DD - Disk Dump
1. Create an empty file of 650MB size.
#dd if=/dev/zero of="empty_file" bs=1024k count=650
2. To Create ISO from CD OR DVD
#dd if=/dev/cdrom of=file.iso
3. Create an exact image of this floppy-disk by issuing the command
#dd if=/dev/fd0 of=floppy.img
4. Create backup of HDD or partition
#dd if=/dev/sdb of=backup.dd
5. Creating backup of one hardisk in to second HDD.
#dd if=/dev/sda of=/dev/sdb conv=noerror,sync bs=4k
Note : dd with conv=noerror writes nothing in the image in case of a bad block.
You can check the backup image consistency to check for any problem with backup image
#fsck -y /dev/sdb
6. How to take backup of only MBR and MBR + Partition Table;
#dd if=/dev/sda of=mbr.bak bs=1 count=446 (Backup only MBR)
#dd if=/dev/sda of=mbr_part.bak bs=1 count=512 (Backup MBR + Partition Table)
#dd if=mbr.bak of=/dev/sda bs=1 count=446 (Restore only MBR)
#dd if=mbr_part.bak of=/dev/sda bs=1 count=512 (Backup only MBR)

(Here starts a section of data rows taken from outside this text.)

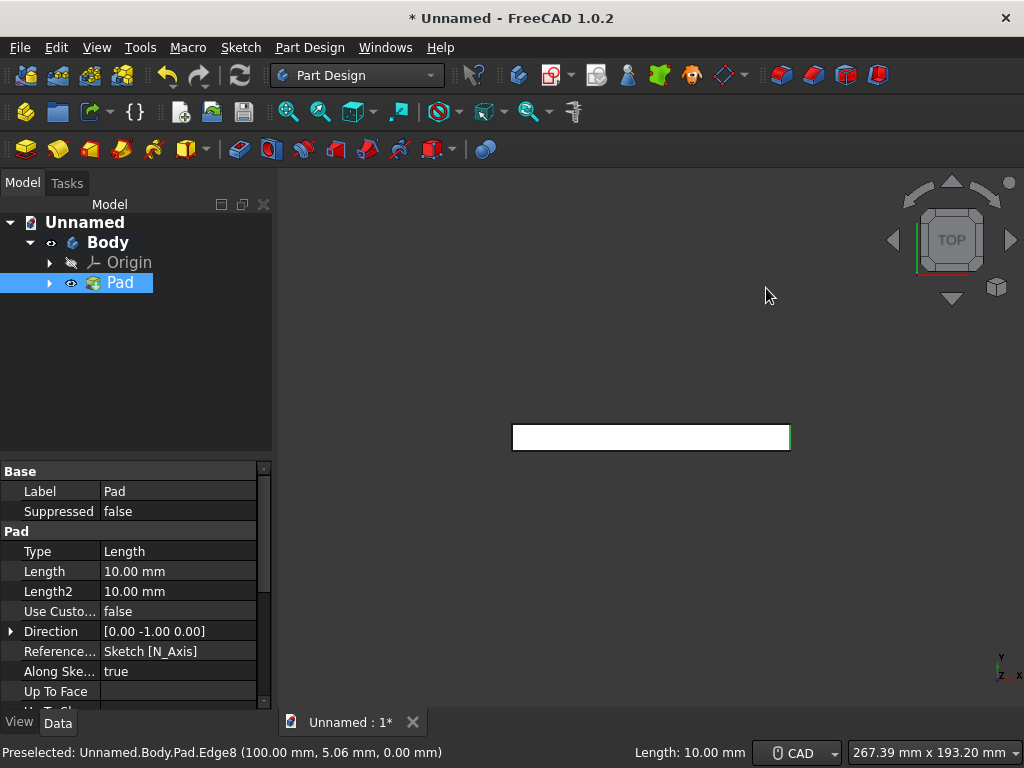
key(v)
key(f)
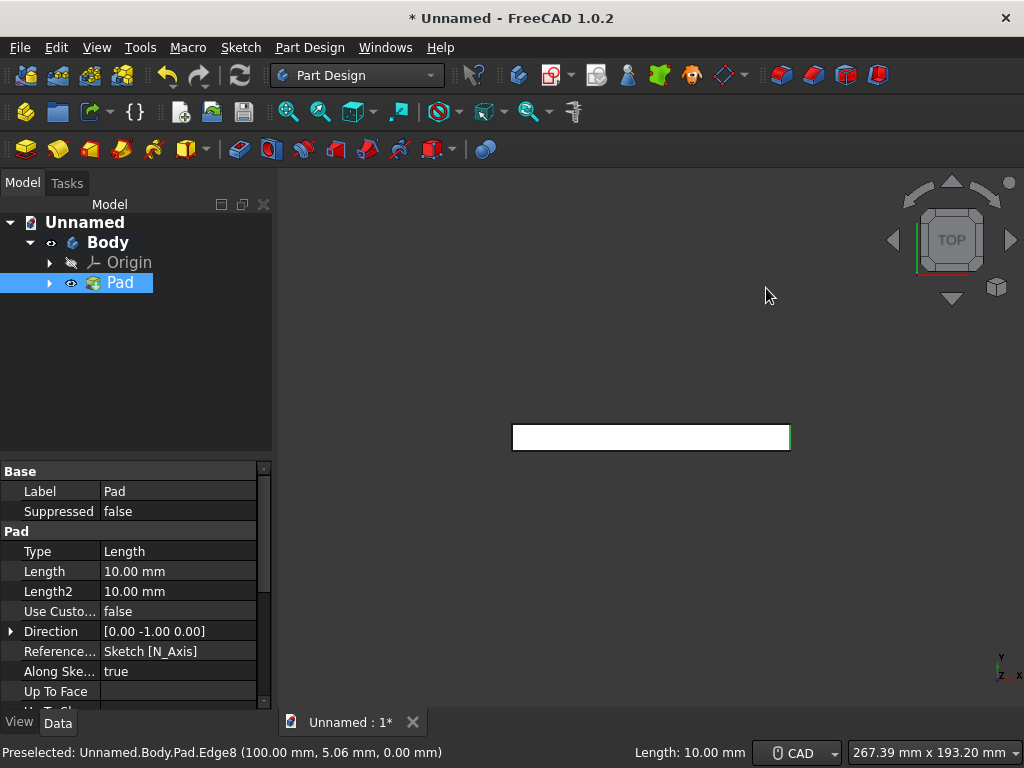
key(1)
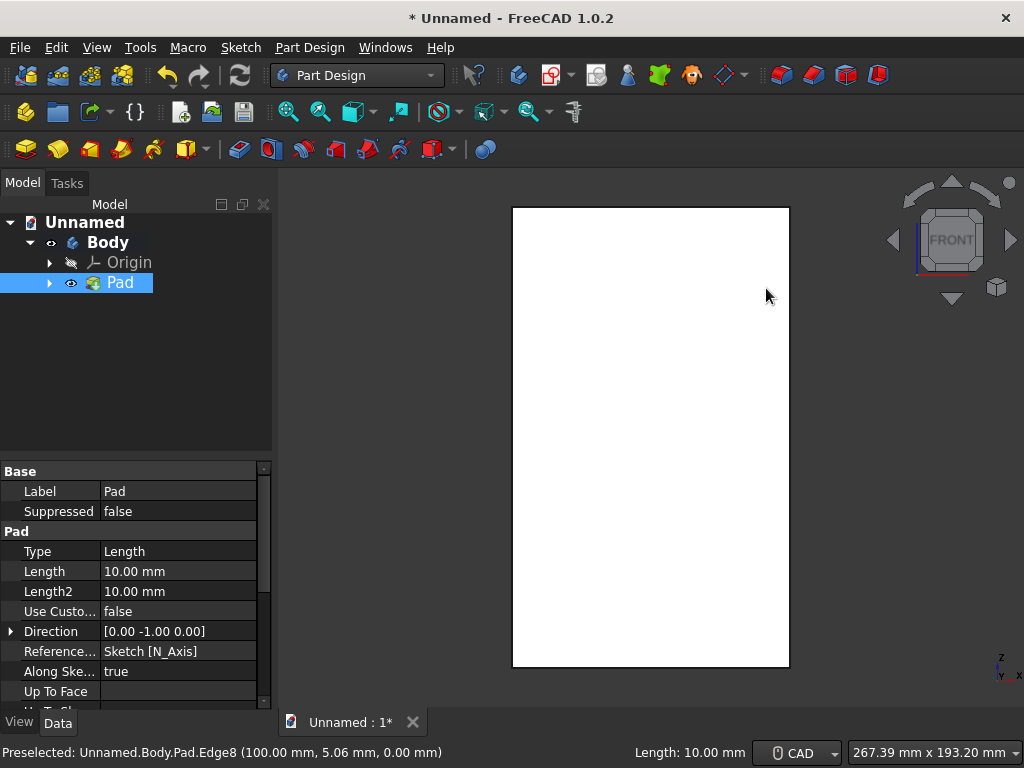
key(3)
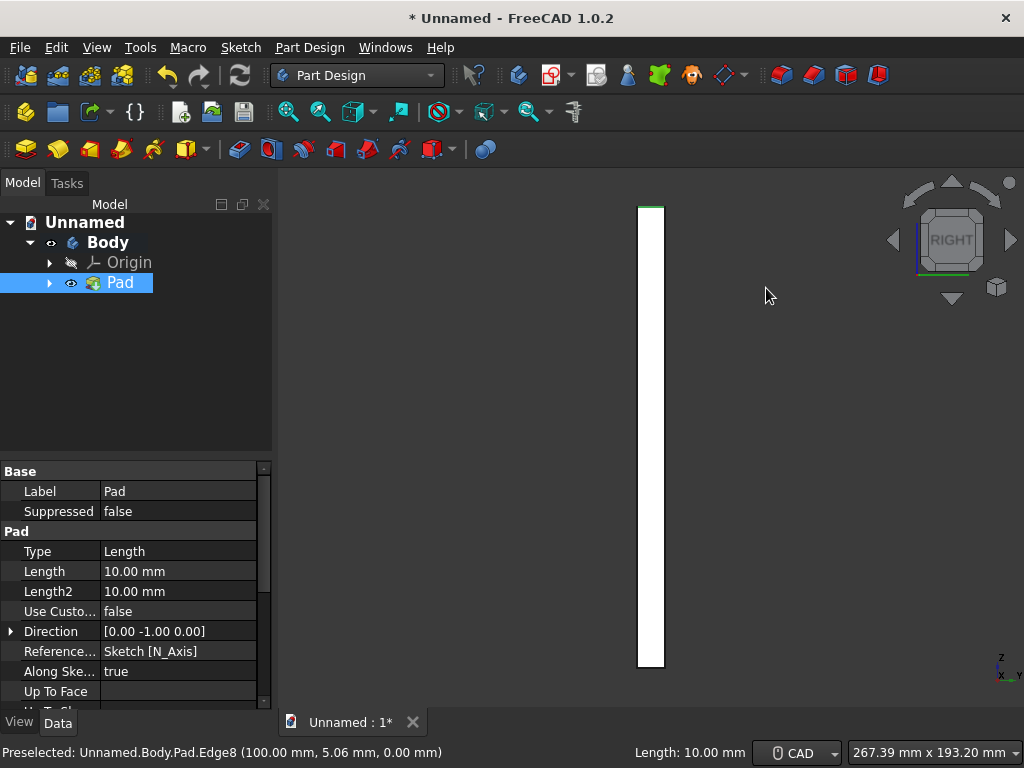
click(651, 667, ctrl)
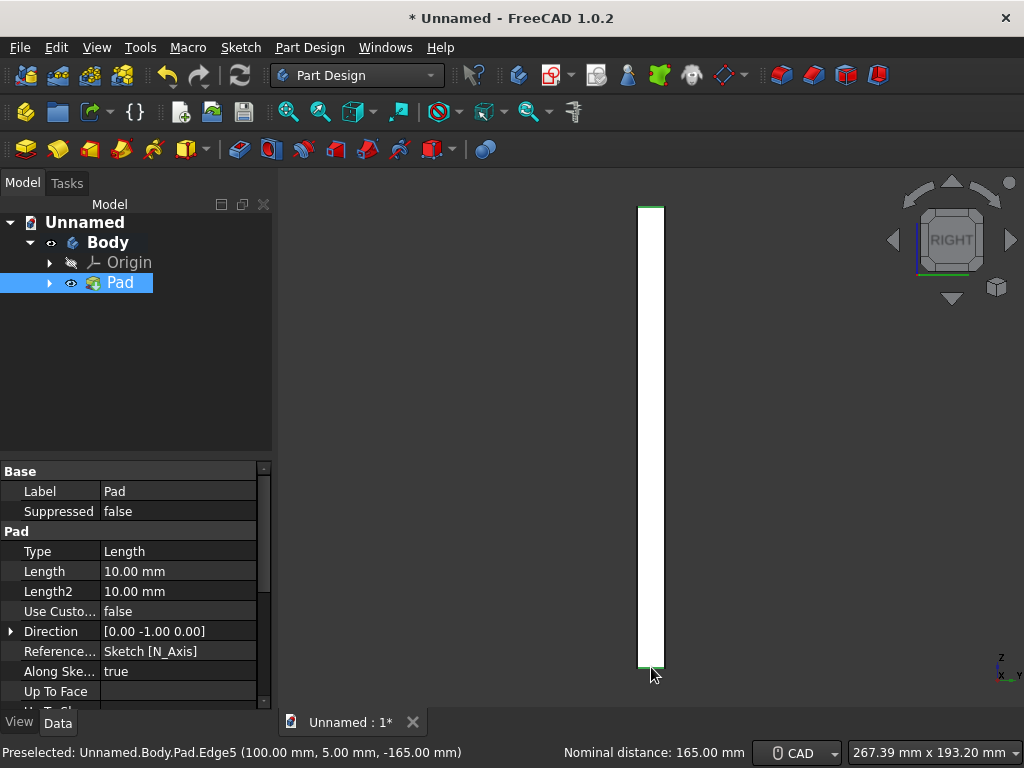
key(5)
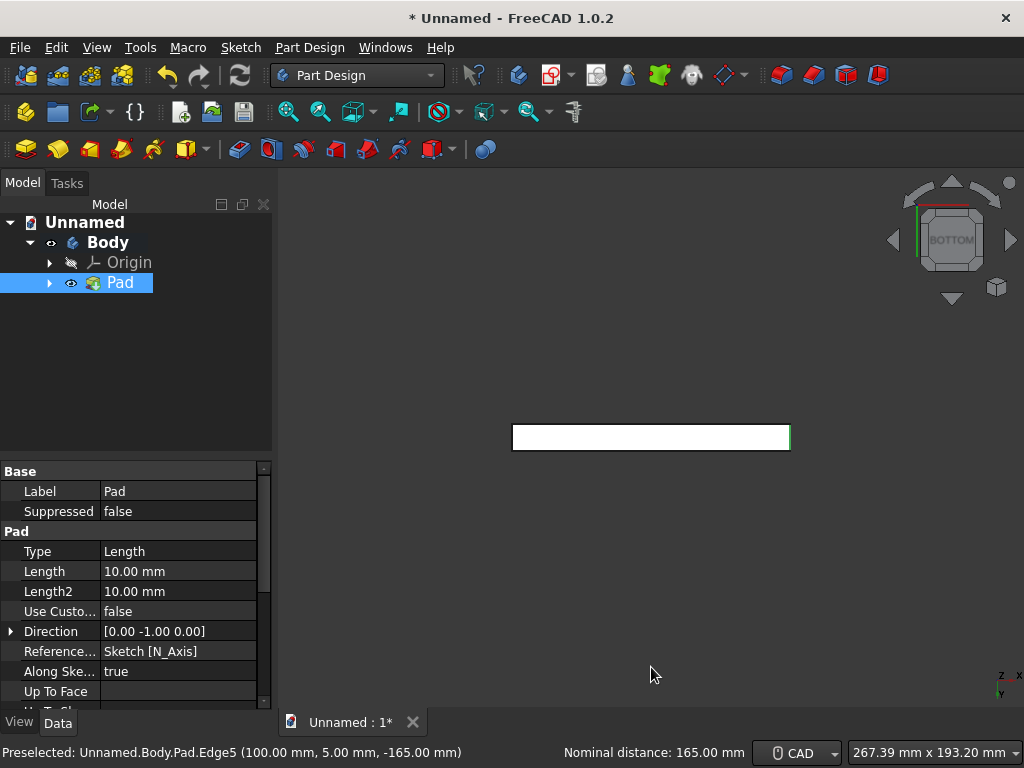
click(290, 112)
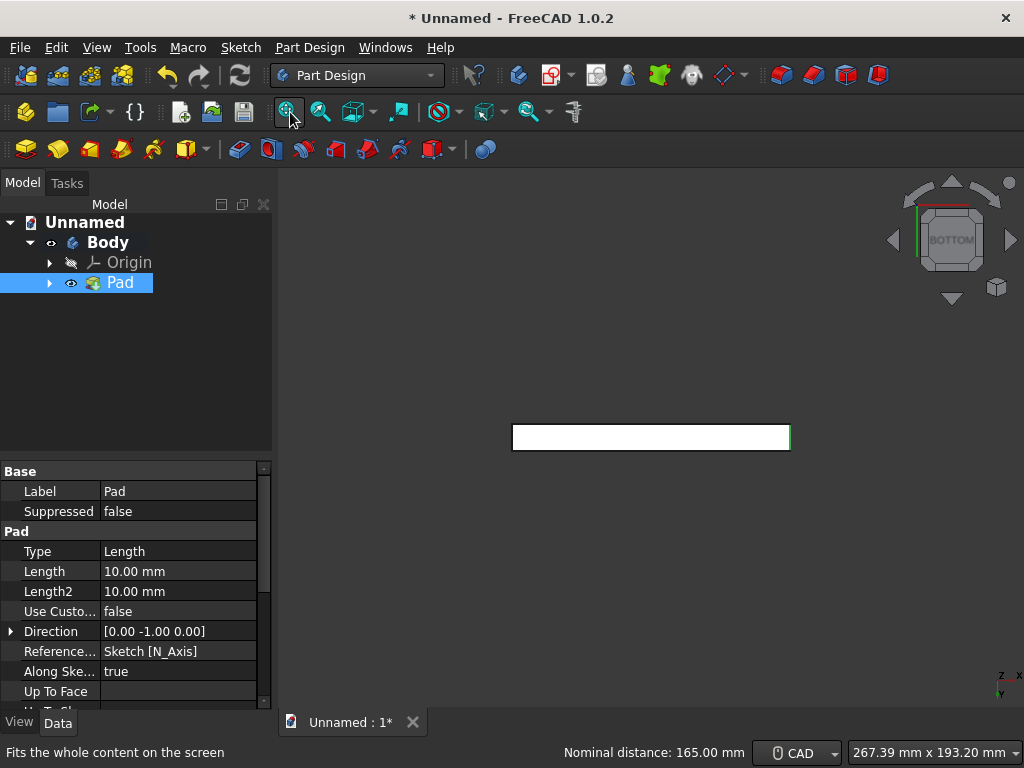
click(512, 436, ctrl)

7. To wipe the hard disk completely,
#dd if=/dev/zero of=/dev/sda
8. How to compress DD image ?
#dd if=/dev/hda conv=sync,noerror bs=64K | gzip -c > /mnt/sda1/hda.img.gz
Note that /mnt/sda1 is my backup device.
"dd" is the command to make a bit-by-bit copy of "if=/dev/hda" as the "Input File" to "of=/mnt/sda1/hda.img.gz" as the "Output File". Everything from the partition will go into an "Output File" named "hda.img.gz". "conv=sync,noerror" tells dd that if it can't read a block due to a read error, then it should at least write something to its output of the correct length. Even if your hard disk exhibits no errors, remember that dd will read every single block, including any blocks which the OS avoids using because it has marked them as bad. "bs=64K" is the block size of 64x1024 Bytes. Using this large of block size speeds up the copying process. The output of dd is then piped through gzip to compress it.
To restore your system:
#gunzip -c /mnt/sda1/hda.img.gz | dd of=/dev/hda conv=sync,noerror bs=64K
9. Store extra information about the drive geometry necessary in order to interpret the partition table stored within the image. The most important of which is the cylinder size.
# fdisk -l /dev/hda > /mnt/sda1/hda_fdisk.info
One of the disadvantages of the dd method over software specifically designed for the job such as Ghost or partimage is that dd will store the entire partition, including blocks not currently used to store files, whereas the likes of Ghost understand the filesystem and don't store these unallocated blocks. The overhead isn't too bad as long as you compress the image and the unallocated blocks have low entropy. In general this will not be the case because the emtpy blocks contain random junk from bygone files. To rectify this, it's best to blank all unused blocks before making the image. After doing that, the unallocated blocks will contain mostly zeros and will therefore compress down to almost nothing.
Mount the partition, then create a file of zeros which fills the entire disk, then delete it again.
# dd if=/dev/zero of=/tmp/delete.me bs=8M; rm delete.me
#dd if=/dev/hda conv=sync,noerror bs=64K | gzip -c > /mnt/sda1/backup.img.gz
10. You can also use the cat command and pipe it through gzip with the "-9" option (for maximum compression) and then redirect the output to your image file:
#cat /dev/sda | gzip -9 > hdbback.img.gz
11. Error Handling : Murphy's Law was postulated long before digital computers, but it seems it was specifically targeted for them. When you need to read a floppy or tape, it is the only copy in the universe and you have a deadline past due, that is when you will have a bad spot on the magnetic media, and your data will be unreadable. To the rescue comes dd, which can read all the good data around the bad spot and continue after the error is encountered. Sometimes this is all that is needed to recover the important data.